Também na escola, a chegada de um novo bebê causa nas crianças e nos adultos uma nova situação, uma reconfiguração do grupo. Assim, acolher uma criança na creche exige, dos diferentes profissionais, atenção, competência e sensibilidade nas relações com os bebês e suas famílias. Para isto, é preciso em primeiro lugar, respeitar e valorizar famílias em suas diferentes formas de estruturação e organização, e abrir diferentes canais para a participação cotidiana das famílias nas escolas de educação infantil.
A inserção das crianças na escola exige que os professores estabeleçam um contato pessoal com cada família. Para as crianças, especialmente os bebês, os primeiros dias de frequência à creche é uma fase de grande mudança e elas precisam de um ambiente que lhe ofereça segurança emocional, acolhimento, atenção. As crianças logo reconhecem a confiança que seus pais depositam na escola e nas professoras, assim, o trabalho de inserção das crianças na creche passa, necessariamente, pela relação de confiança entre pais e professores.
O professor e a escola têm o compromisso de criar estratégias adequadas ao momento de transição da casa para a instituição de Educação Infantil vivido pela criança, empenhando-se:
• Na construção de um ambiente estável de colaboração e um clima de confiança e tanto para os bebês como para as suas famílias;
• No desenvolvimento das capacidades pessoais do professor que inicia com o estabelecimento de uma relação com a criança através do olhar, do sorriso, da oferta de um objeto, e aos poucos constrói a confiança do bebê nesta nova pessoa e neste novo ambiente;
• Realizar reuniões para apresentar a proposta, as dependências da escola e as pessoas que nela trabalham;
• Entrevista com os responsáveis para conhecer bebê e suas famílias, seus hábitos e os valores;
• Combinar o processo de inserção da criança na creche: período de tempo, tempo diário de permanência, presença dos familiares, etc;
Após o momento inicial de acolhimento, as crianças e os adultos, constroem um ritmo de trabalho a partir de ações e experiências.
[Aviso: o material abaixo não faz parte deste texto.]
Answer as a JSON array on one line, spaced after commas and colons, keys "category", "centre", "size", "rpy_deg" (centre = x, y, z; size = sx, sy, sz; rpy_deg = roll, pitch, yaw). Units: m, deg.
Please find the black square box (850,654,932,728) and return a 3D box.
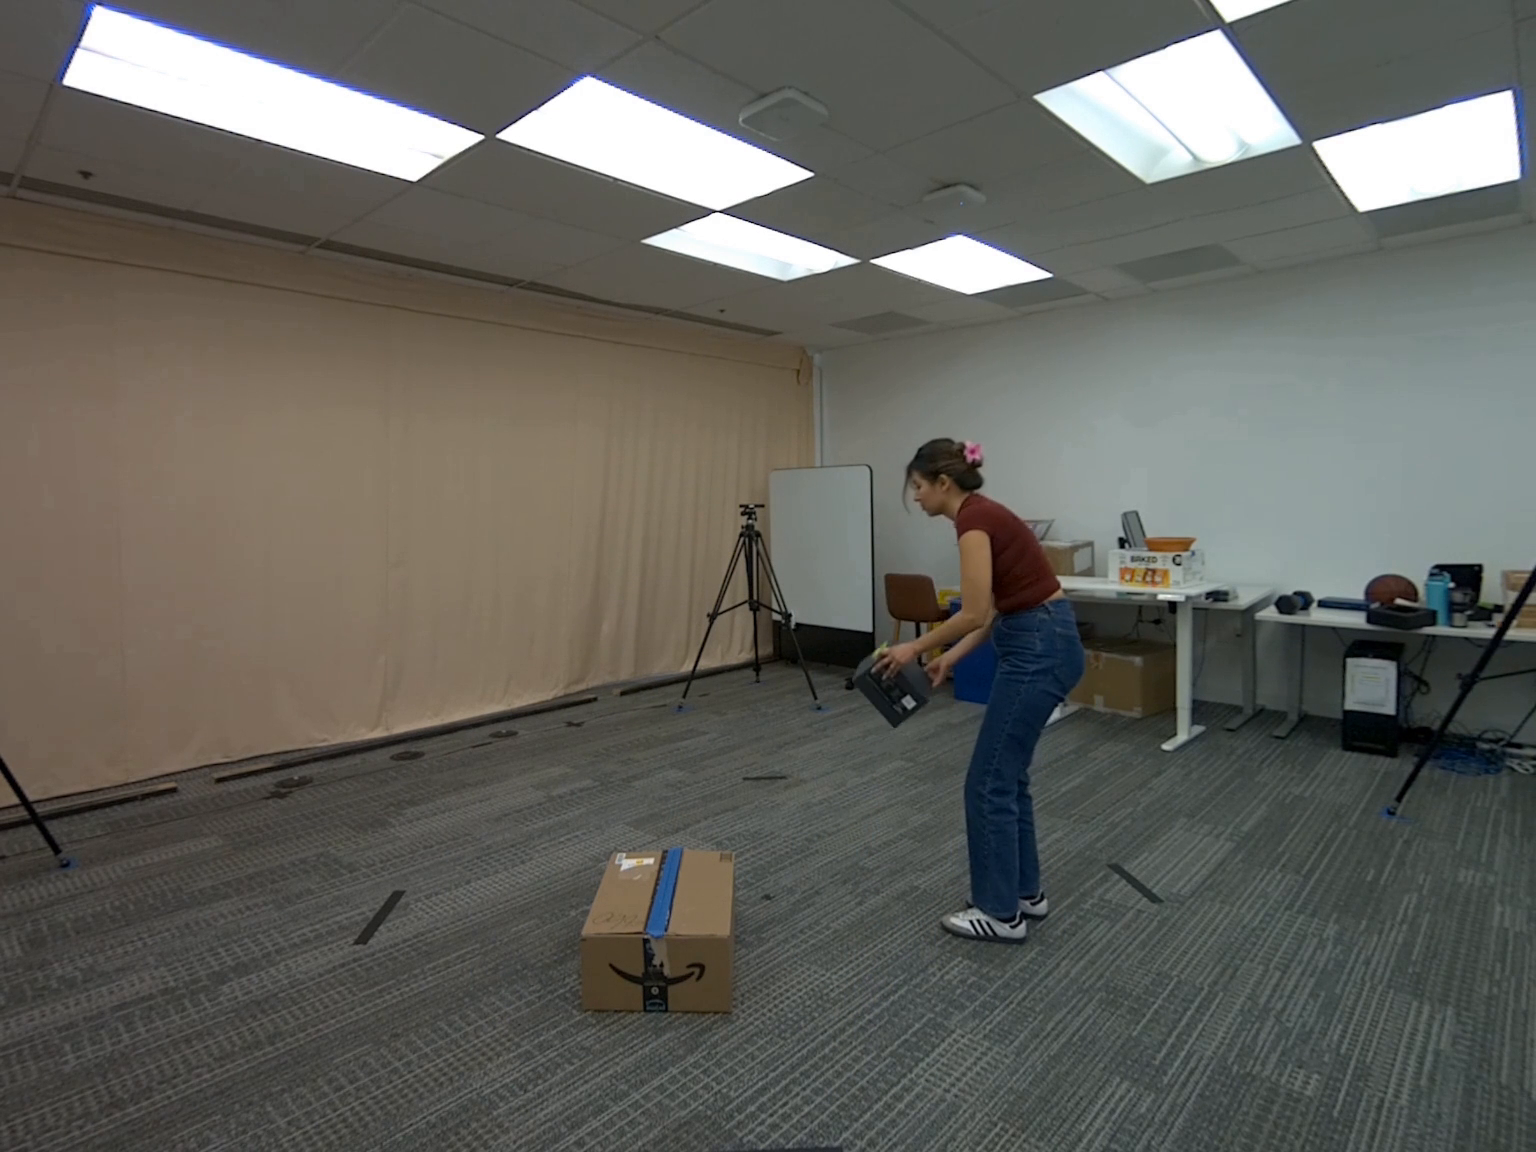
[{"category": "black square box", "centre": [0.447, 0.373, 2.953], "size": [0.157, 0.218, 0.225], "rpy_deg": [-44, -3, 19]}]
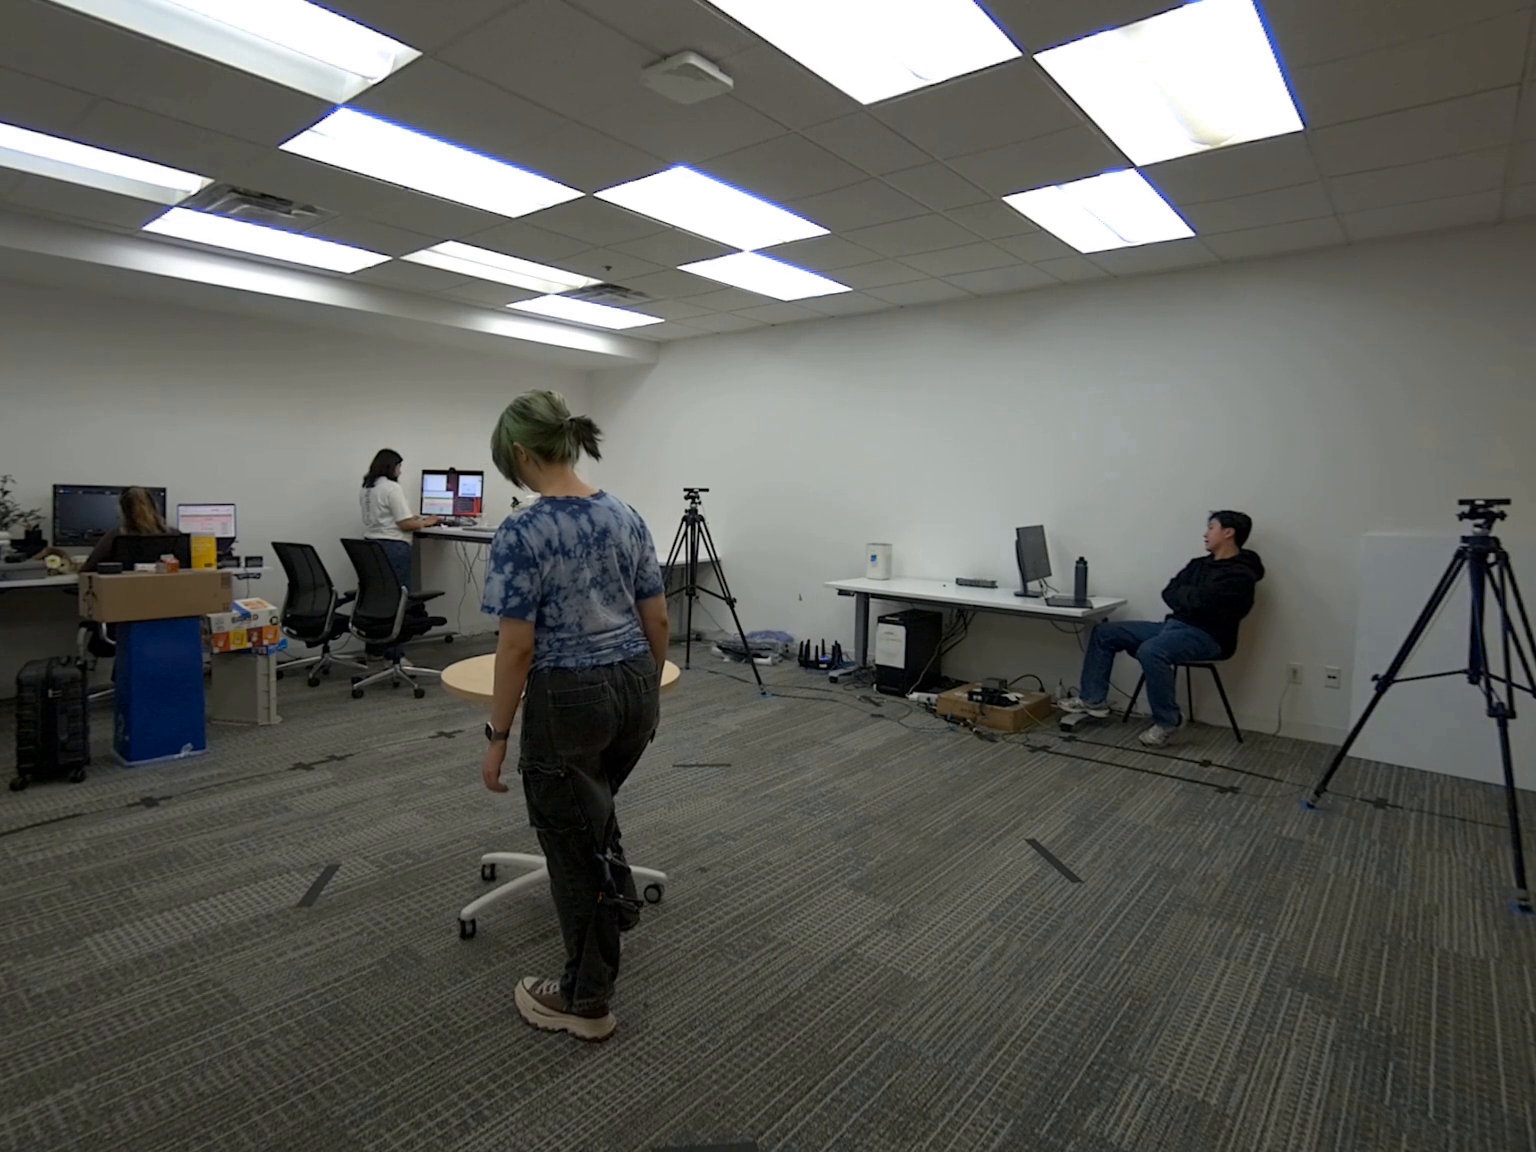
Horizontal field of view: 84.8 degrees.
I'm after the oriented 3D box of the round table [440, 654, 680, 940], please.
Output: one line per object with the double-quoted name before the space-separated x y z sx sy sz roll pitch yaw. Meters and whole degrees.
"round table" -0.691 0.700 2.809 0.763 0.791 0.768 1 4 -2
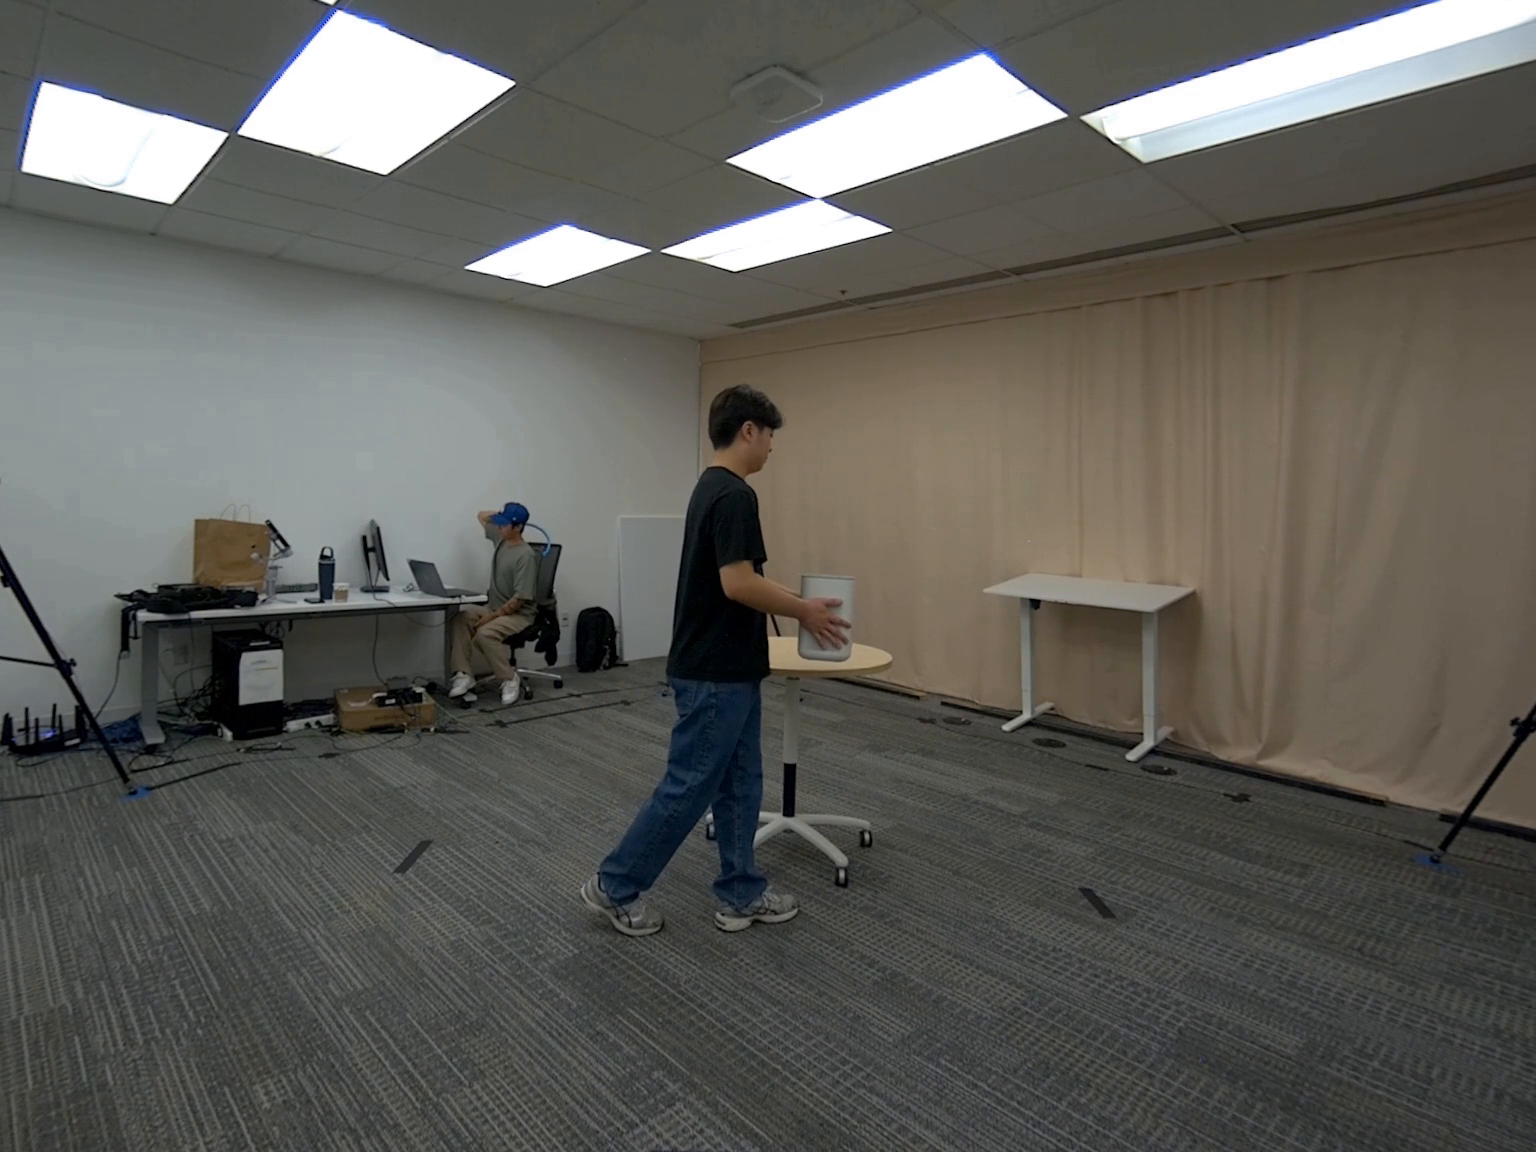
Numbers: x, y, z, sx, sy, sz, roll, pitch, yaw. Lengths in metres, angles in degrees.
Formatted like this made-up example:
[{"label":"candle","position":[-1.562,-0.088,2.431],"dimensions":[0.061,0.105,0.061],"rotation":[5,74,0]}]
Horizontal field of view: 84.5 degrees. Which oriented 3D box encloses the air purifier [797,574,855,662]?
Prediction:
[{"label":"air purifier","position":[0.173,0.130,2.685],"dimensions":[0.172,0.265,0.171],"rotation":[3,-1,1]}]
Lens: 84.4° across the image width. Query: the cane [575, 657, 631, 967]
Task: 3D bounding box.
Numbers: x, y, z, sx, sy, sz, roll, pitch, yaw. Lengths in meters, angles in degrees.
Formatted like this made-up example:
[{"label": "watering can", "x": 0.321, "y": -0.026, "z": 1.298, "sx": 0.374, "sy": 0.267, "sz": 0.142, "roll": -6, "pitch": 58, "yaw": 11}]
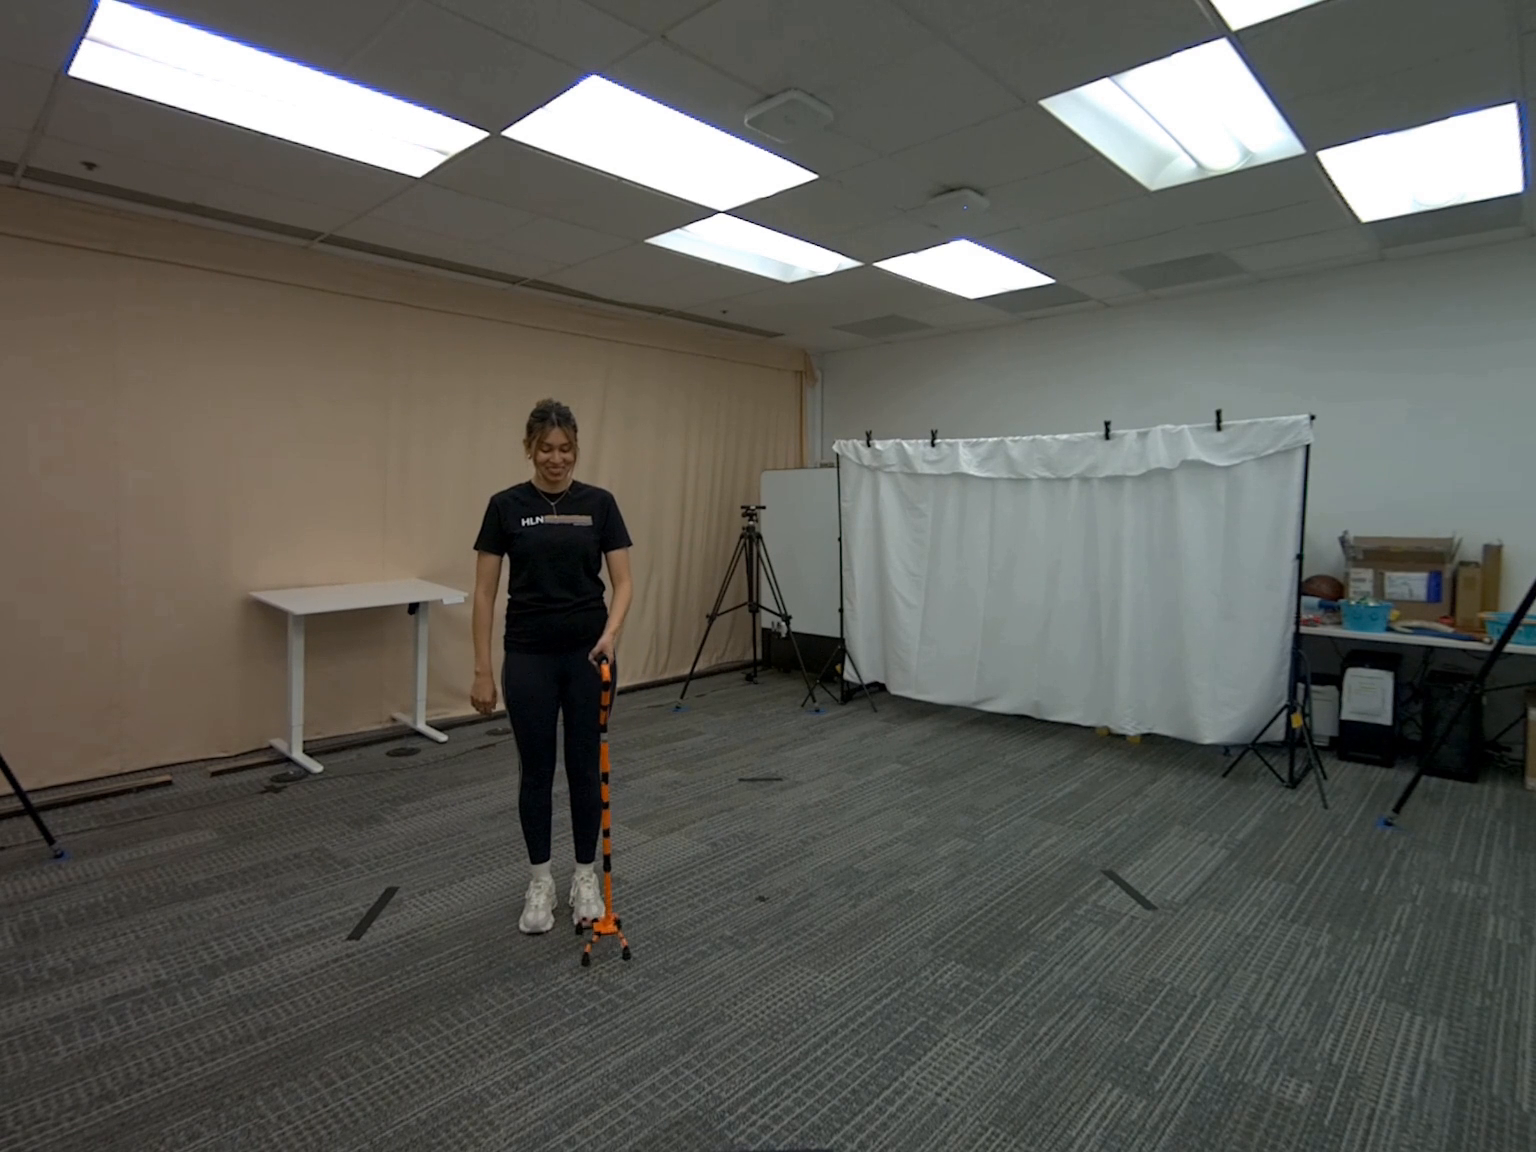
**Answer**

Os desafios, as proposições, as problematizações vão se estruturando ao longo do processo. Elas iniciam com o conhecimento de todos os bebês, das situações que parecem mais significativas e, a partir de então, exigem compromisso do professor e imaginação pedagógica para continuar com um percurso.
Porém, os percursos exigem mudanças nas trajetórias quando, ao procurar escutar aquilo que nos dizem os bebês através das suas múltiplas linguagens, avaliamos que outras ações são mais importantes que aquelas planejadas. Construir, a partir daquilo que as crianças evidenciam um percurso com coerência e com uma história que pode ser registrada através de fotos e, continuamente, contada às crianças para que elas se reconheçam como sujeitos históricos, que fazem parte de um coletivo, e que deixam marcas e constroem narrativas, é um importante papel da educação nos primeiros anos.